_WHAT IS BEING ASKED_:
Of all the lines in the entries, how many carry the word "Ehud"? The reply is that number and no more.

*-*-*

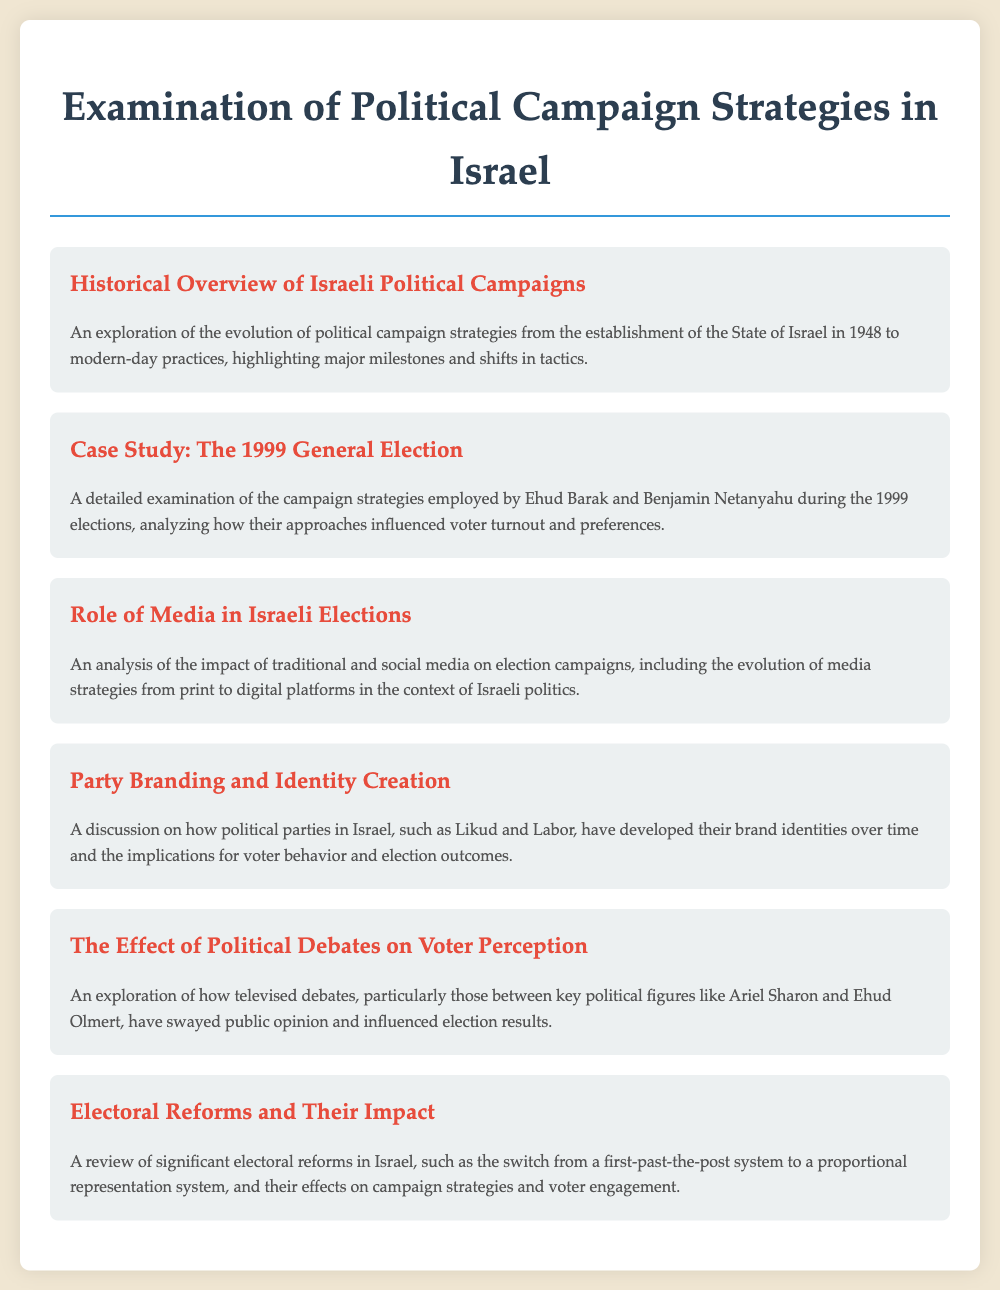what is the title of the document? The title of the document is presented prominently at the top of the page.
Answer: Examination of Political Campaign Strategies in Israel what year did the State of Israel establish? A key milestone in Israeli political history, mentioned in the historical overview.
Answer: 1948 who were the two candidates examined in the 1999 General Election case study? The case study focuses on two prominent politicians during the 1999 elections.
Answer: Ehud Barak and Benjamin Netanyahu what type of media is analyzed in the "Role of Media in Israeli Elections"? The document discusses the evolution of media strategies impacting elections.
Answer: traditional and social media which political parties are mentioned in the "Party Branding and Identity Creation"? The discussion highlights major political parties in relation to branding and identity.
Answer: Likud and Labor what significant electoral reform is referenced in the document? A specific change in the electoral system that affected campaign strategies is noted.
Answer: switch from a first-past-the-post system to a proportional representation system who were key political figures involved in televised debates? The exploration of televised debates in the document identifies significant political figures.
Answer: Ariel Sharon and Ehud Olmert 
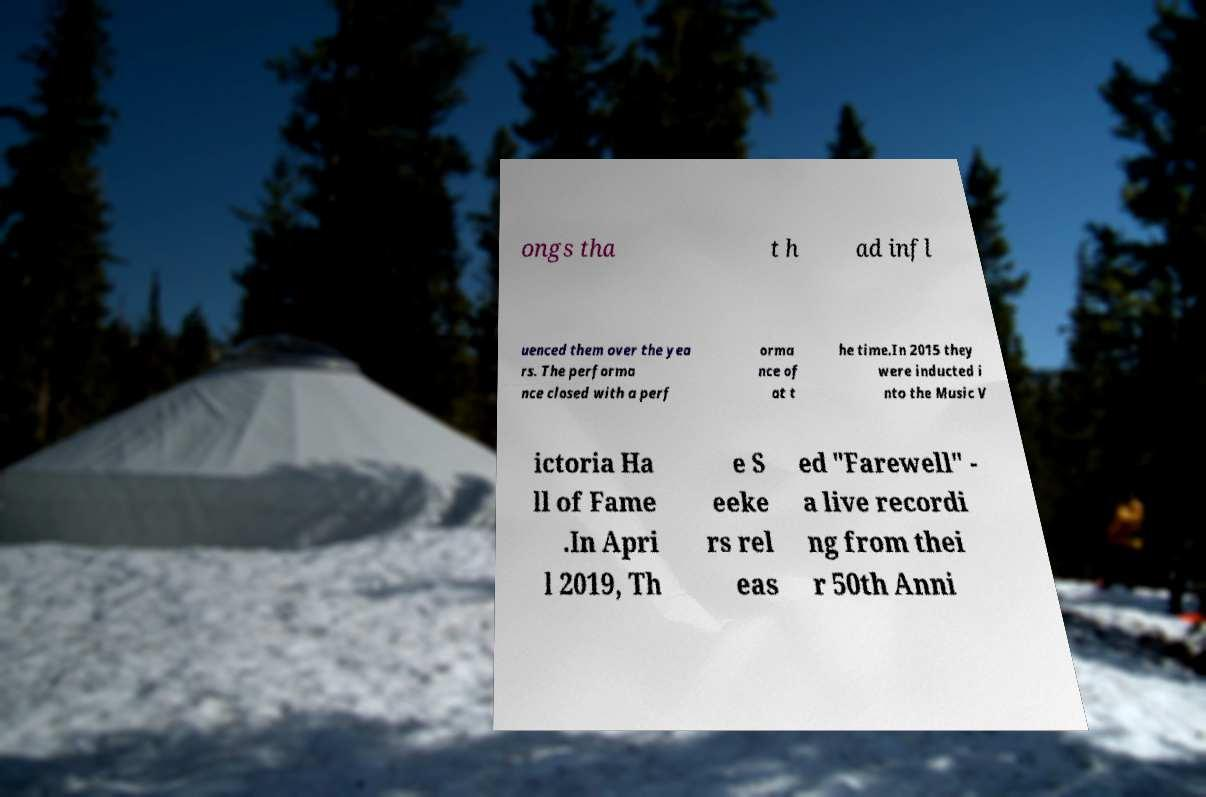Please identify and transcribe the text found in this image. ongs tha t h ad infl uenced them over the yea rs. The performa nce closed with a perf orma nce of at t he time.In 2015 they were inducted i nto the Music V ictoria Ha ll of Fame .In Apri l 2019, Th e S eeke rs rel eas ed "Farewell" - a live recordi ng from thei r 50th Anni 
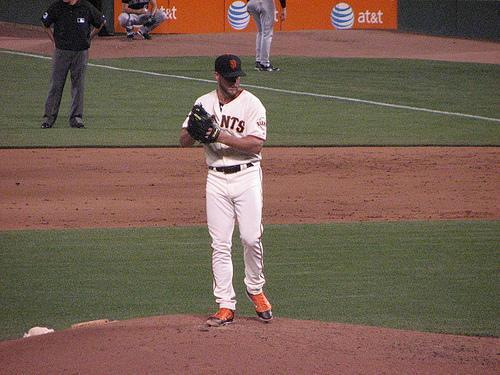How many people are pictured?
Give a very brief answer. 4. 
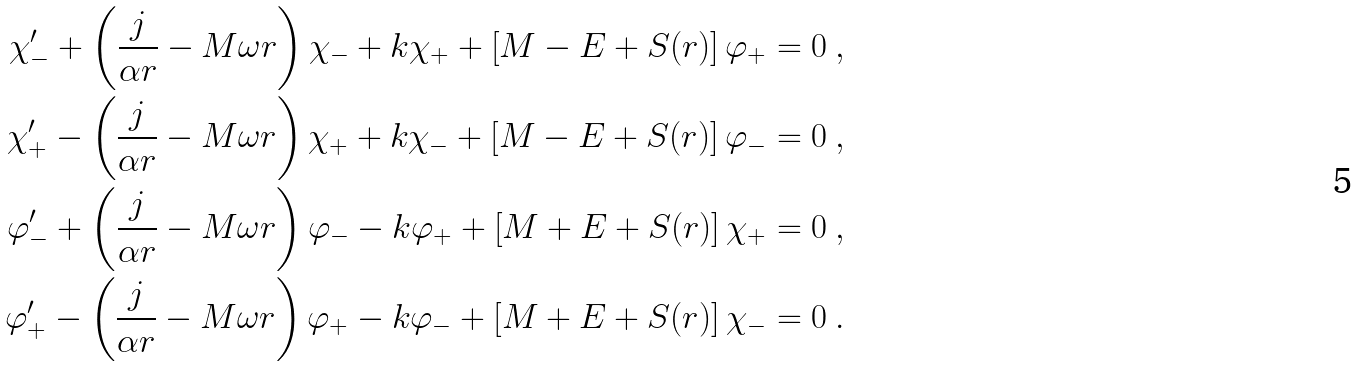Convert formula to latex. <formula><loc_0><loc_0><loc_500><loc_500>\chi _ { - } ^ { \prime } + \left ( \frac { j } { \alpha r } - M \omega r \right ) \chi _ { - } + k \chi _ { + } + \left [ M - E + S ( r ) \right ] \varphi _ { + } & = 0 \ , \\ \chi _ { + } ^ { \prime } - \left ( \frac { j } { \alpha r } - M \omega r \right ) \chi _ { + } + k \chi _ { - } + \left [ M - E + S ( r ) \right ] \varphi _ { - } & = 0 \ , \\ \varphi _ { - } ^ { \prime } + \left ( \frac { j } { \alpha r } - M \omega r \right ) \varphi _ { - } - k \varphi _ { + } + \left [ M + E + S ( r ) \right ] \chi _ { + } & = 0 \ , \\ \varphi _ { + } ^ { \prime } - \left ( \frac { j } { \alpha r } - M \omega r \right ) \varphi _ { + } - k \varphi _ { - } + \left [ M + E + S ( r ) \right ] \chi _ { - } & = 0 \ .</formula>

*-*-*

_TASK RESULT_:
2